Question

For the band-pass filter shown in Figure \(30.25,\) how can the width of the frequency response be increased? a) increase \(R_{1}\) b) decrease \(C_{1}\) c) increase \(R_{2}\) d) increase \(C_{2}\) e) do any of the above

Short answer

Answer: Decrease \(C_{1}\).

Step-by-step solution

Option a) Increase \(R_{1}\)

Increasing \(R_1\) will increase the time constant of the low-pass filter section \(\tau_1 = R_1C\). In the case of a series resonant circuit, \(\tau = RC\). Thus, increasing \(\tau\) will decrease the width of the frequency response. So, this option is incorrect.

Option b) Decrease \(C_{1}\)

Decreasing \(C_1\) will decrease the time constant of the low-pass filter section \(\tau_1 = R_1C_1\). In case of a series resonant circuit, \(\tau = RC\). Thus, decreasing \(\tau\) will increase the width of the frequency response. So, this option is correct.

Option c) Increase \(R_{2}\)

Increasing \(R_2\) will increase the time constant of the high-pass filter section \(\tau_2 = R_2C_2\). In case of a series resonant circuit, \(\tau = RC\). Thus, increasing \(\tau\) will decrease the width of the frequency response. So, this option is incorrect.

Option d) Increase \(C_{2}\)

Increasing \(C_2\) will increase the time constant of the high-pass filter section \(\tau_2 = R_2C_2\). In case of a series resonant circuit, \(\tau = RC\). Thus, increasing \(\tau\) will decrease the width of the frequency response. So, this option is incorrect.

Option e) Do any of the above

As we have seen previously, option b) is the correct answer. Option e) implies that all the other options are viable to increase the width of the frequency response, which is not accurate. Therefore, this option is incorrect. To summarize, to increase the width of the frequency response of the band-pass filter, we should decrease \(C_{1}\). The correct answer is option b).

Key concepts

Electrical Resonance

Electrical resonance occurs when a system's inductive reactance and capacitive reactance are equal in magnitude, but opposite in phase, resulting in a net reactive impedance of zero at a particular frequency. This frequency is known as the resonant frequency. In filters, like the band-pass filter mentioned in the exercise, resonance dictates the central frequency where the passband is centered.

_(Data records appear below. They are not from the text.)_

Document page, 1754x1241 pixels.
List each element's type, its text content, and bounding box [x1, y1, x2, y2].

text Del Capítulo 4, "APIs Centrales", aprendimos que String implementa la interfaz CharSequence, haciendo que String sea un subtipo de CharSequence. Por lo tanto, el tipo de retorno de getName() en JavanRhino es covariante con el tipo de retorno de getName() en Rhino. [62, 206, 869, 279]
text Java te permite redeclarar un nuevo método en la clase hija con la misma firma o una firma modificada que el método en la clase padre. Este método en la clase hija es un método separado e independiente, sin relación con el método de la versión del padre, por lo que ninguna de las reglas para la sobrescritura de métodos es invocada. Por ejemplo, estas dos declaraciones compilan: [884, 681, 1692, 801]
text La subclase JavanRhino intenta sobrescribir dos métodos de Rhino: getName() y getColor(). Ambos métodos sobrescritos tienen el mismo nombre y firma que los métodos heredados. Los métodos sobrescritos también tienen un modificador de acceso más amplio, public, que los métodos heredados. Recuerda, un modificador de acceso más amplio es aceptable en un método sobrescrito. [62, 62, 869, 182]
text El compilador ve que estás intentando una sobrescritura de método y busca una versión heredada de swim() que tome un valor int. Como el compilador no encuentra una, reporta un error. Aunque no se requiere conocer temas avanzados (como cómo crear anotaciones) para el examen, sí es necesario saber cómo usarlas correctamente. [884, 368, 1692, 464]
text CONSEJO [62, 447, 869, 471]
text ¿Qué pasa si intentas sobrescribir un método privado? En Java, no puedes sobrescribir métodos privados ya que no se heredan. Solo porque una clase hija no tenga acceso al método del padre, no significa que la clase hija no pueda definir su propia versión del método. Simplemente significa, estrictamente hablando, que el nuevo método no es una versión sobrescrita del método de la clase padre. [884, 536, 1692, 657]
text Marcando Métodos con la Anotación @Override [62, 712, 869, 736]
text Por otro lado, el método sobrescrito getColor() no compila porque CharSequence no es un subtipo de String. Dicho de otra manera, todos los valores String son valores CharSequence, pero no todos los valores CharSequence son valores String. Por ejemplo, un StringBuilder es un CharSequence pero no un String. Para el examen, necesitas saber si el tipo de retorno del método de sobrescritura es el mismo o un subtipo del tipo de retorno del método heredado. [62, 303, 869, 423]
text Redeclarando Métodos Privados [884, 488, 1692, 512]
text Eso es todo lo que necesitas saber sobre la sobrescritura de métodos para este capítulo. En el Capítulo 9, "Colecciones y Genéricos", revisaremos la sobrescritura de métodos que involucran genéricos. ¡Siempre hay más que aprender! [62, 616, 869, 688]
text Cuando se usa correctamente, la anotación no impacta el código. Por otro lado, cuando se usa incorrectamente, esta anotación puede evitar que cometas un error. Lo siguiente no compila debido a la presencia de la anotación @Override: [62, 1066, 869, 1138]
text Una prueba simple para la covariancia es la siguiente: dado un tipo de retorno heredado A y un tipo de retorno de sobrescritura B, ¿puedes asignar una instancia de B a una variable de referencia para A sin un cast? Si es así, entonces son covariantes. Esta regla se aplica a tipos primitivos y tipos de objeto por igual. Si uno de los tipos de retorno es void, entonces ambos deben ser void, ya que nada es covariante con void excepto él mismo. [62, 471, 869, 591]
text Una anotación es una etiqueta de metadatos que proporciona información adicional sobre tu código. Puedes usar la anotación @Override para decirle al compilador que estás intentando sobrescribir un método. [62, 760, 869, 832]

In context with the exercise provided, electrical resonance plays a crucial role in determining the operating frequency range of the band-pass filter. Implementing changes in the circuit components can shift the resonance point, affecting the filter's ability to select a narrower or wider band of frequencies.

Time Constant

The time constant, typically denoted as \( \tau \), is a measure of the time it takes for a system to respond to changes. In electrical circuits, the time constant is the product of resistance (R) and capacitance (C), expressed as \( \tau = RC \). It reflects how quickly a capacitor charges to approximately 63% of its maximum charge or discharges to about 37% of its initial charge.

Regarding the band-pass filter from the exercise, by adjusting the time constant you influence the filter's frequency response. Decreasing the capacitance \( C_1 \) for the low-pass portion, as shown in the solution, lowers its time constant, which in turn increases the width of the frequency response, allowing a broader range of frequencies to pass through.

High-Pass Filter

A high-pass filter is designed to allow frequencies above a certain cutoff frequency to pass through while attenuating frequencies below this threshold. The behavior of a high-pass filter is characterized by its time constant \( \tau = R_2C_2 \). This time constant determines how quickly the filter responds to changes in frequency.

In the step-by-step solution to the exercise, increasing the resistance \( R_2 \) is identified as a method that would actually reduce the width of the frequency response, not increase it. This is because a larger time constant results in a slower response of the high-pass section of the band-pass filter, leading to a narrower frequency range being passed.

Low-Pass Filter

A low-pass filter allows frequencies below a certain cutoff frequency to pass through while reducing the amplitude of frequencies above this threshold. Similar to the high-pass filter, its behavior is also defined by a time constant \( \tau = R_1C_1 \) for the low-pass section of the band-pass filter.

In terms of the exercise, reducing the capacitance \( C_1 \) decreases the time constant, which is the correct solution to increase the width of the frequency response. This change allows the low-pass part of the band-pass filter to allow a wider range of frequencies to pass, thereby expanding the bandwidth of the filter.